0
votes

The goal is to create a computer-generated news site that aggregates headlines from different news sources around the world:

Taking a look at the centroid table results I want to Understand the following:

https://ibb.co/n1mvnbk

I used K=5 and I am using TF-IDF

Explain what those numbers mean? When an attribute is zero in multiple clusters, what does it mean?
When I sort the centroid table by each cluster at a descending order, I find some words or attributes that have a higher value with this cluster while zero values in other clusters. Does this mean that these words occur more or less frequently in this cluster? How can I discuss the clustering model Do all the clusters make sense and why?

Do you think k=5 is a good choice for this dataset? or I need to choose 3? How can I classify that?

2

2 Answers

0
votes

I believe K=5 denotes number of cluster you are looking into current Dataset. On the basis 5 centroid will be placed in data will be around them.

Do you think k=5 is a good choice for this dataset? Its hard to predict this way. It is all done by mathematical combination and permutation.

You might use Elbow Method to identify correct number of cluster needed for any given dataset. This methodology is based on WCSS(Within Cluster Sums of Squares) which find distance between points and provide centroid points.

0
votes

Those numbers are the average tf-idf of the cluster. So a 0 means that the word is not in the cluster, and the highest valued words are most characteristic words for the cluster.

Note that for text you'll want to use spherical k-means rather than regular k-means.

Choosing k is a big problem. Forget the elbow method, it never works except for you examples. Experiment with different k and choose the one that is most convincing or most useful.

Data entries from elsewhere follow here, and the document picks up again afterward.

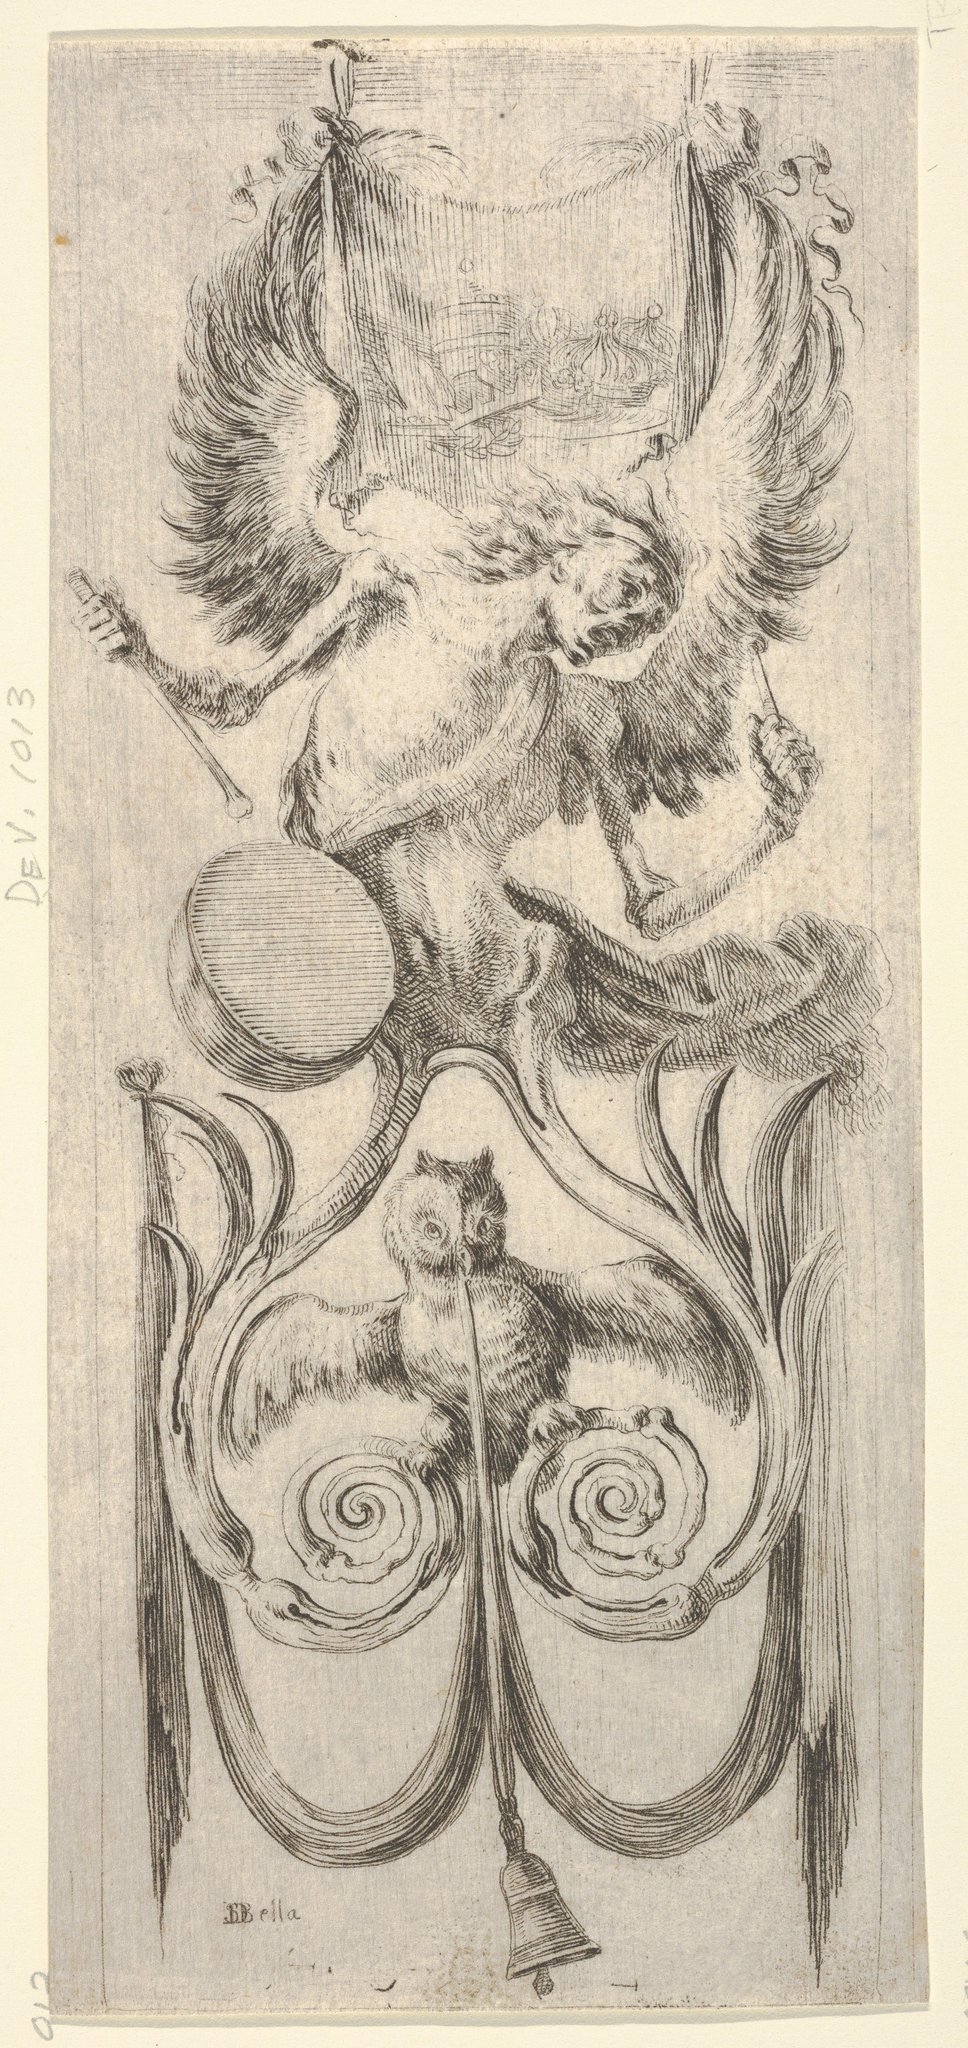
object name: print
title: Death beating a drum above, an owl and a bell attached to a ribbon below, from "Ornaments or Grotesques" (Ornamenti o Grottesche)
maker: stefano della bella
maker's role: artist
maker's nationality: italian
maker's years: 1610-1664
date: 1650-1656
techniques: etching
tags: drums,owls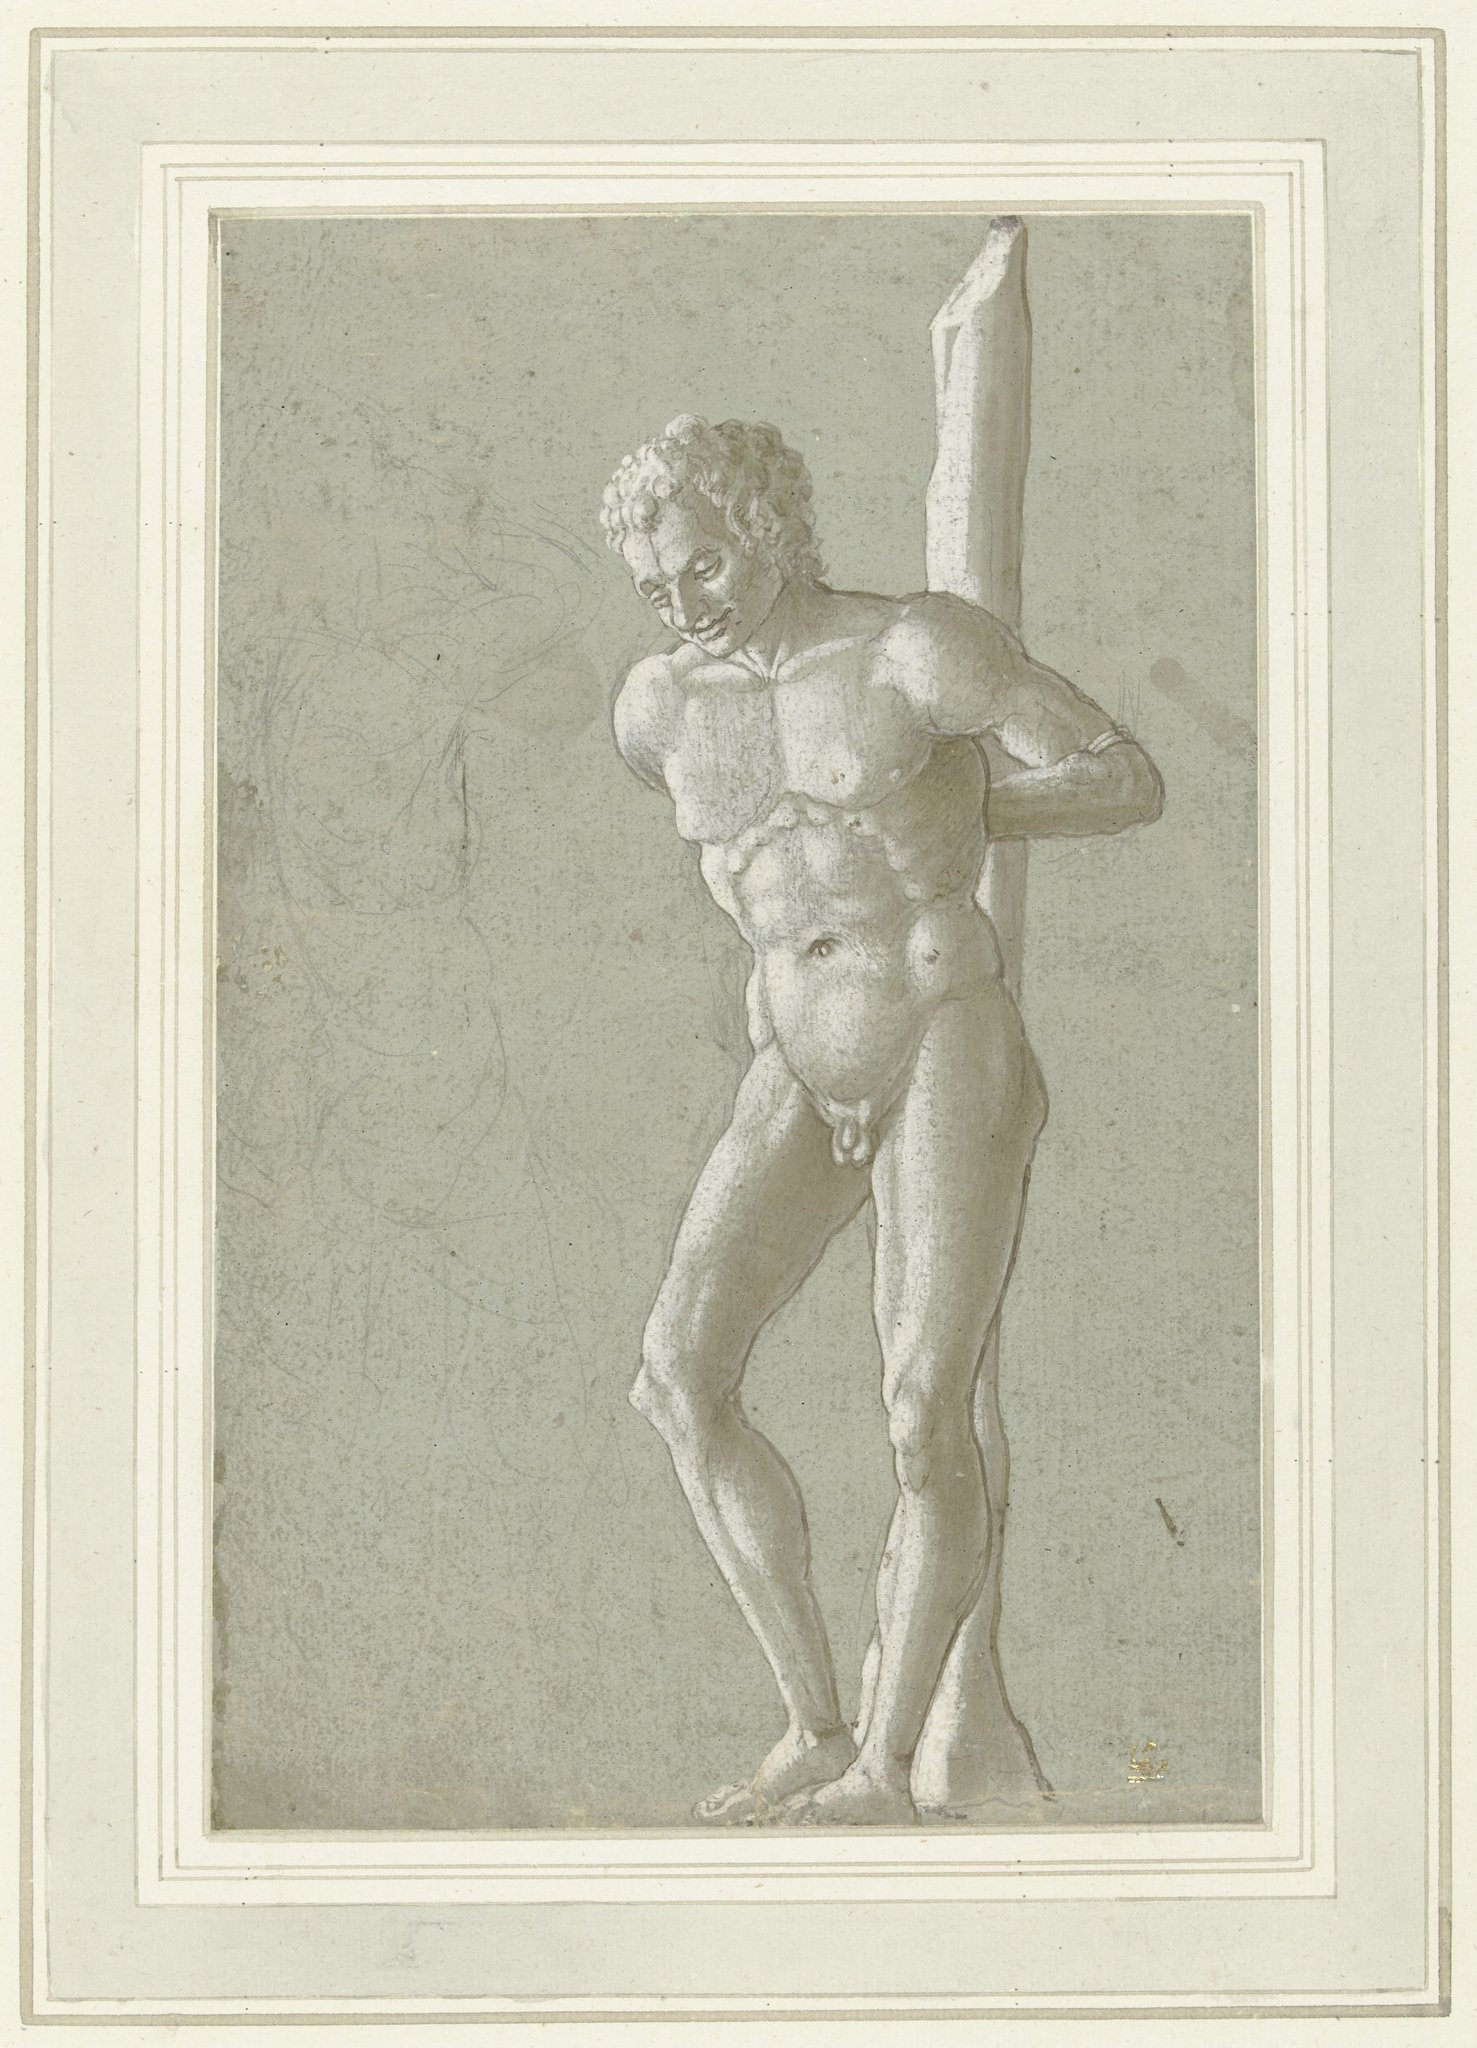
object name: drawing
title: Vastgebonden naakte man en naakte figuur met opgeven arm
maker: marco zoppo
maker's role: draughtsman
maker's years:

None of the usual heuristics for choosing the k in k-means will work here I fear (VRC is IMHO the best). The main reason is that the data cannot be well partitioned into k clusters. There is no reason to assume there are exactly k topics in the world, nor that every document only contains one topic. Instead, topics will be a complex structure itself. For example there is Trump, but there also is the Trump Erdogan meeting, and there is the impeachment. These are not disjoint. But you will also have articles that don't fit into any of these topics. This leads to the effect that the true best k would likely be very very large, as large as the number of articles (and hence not useful).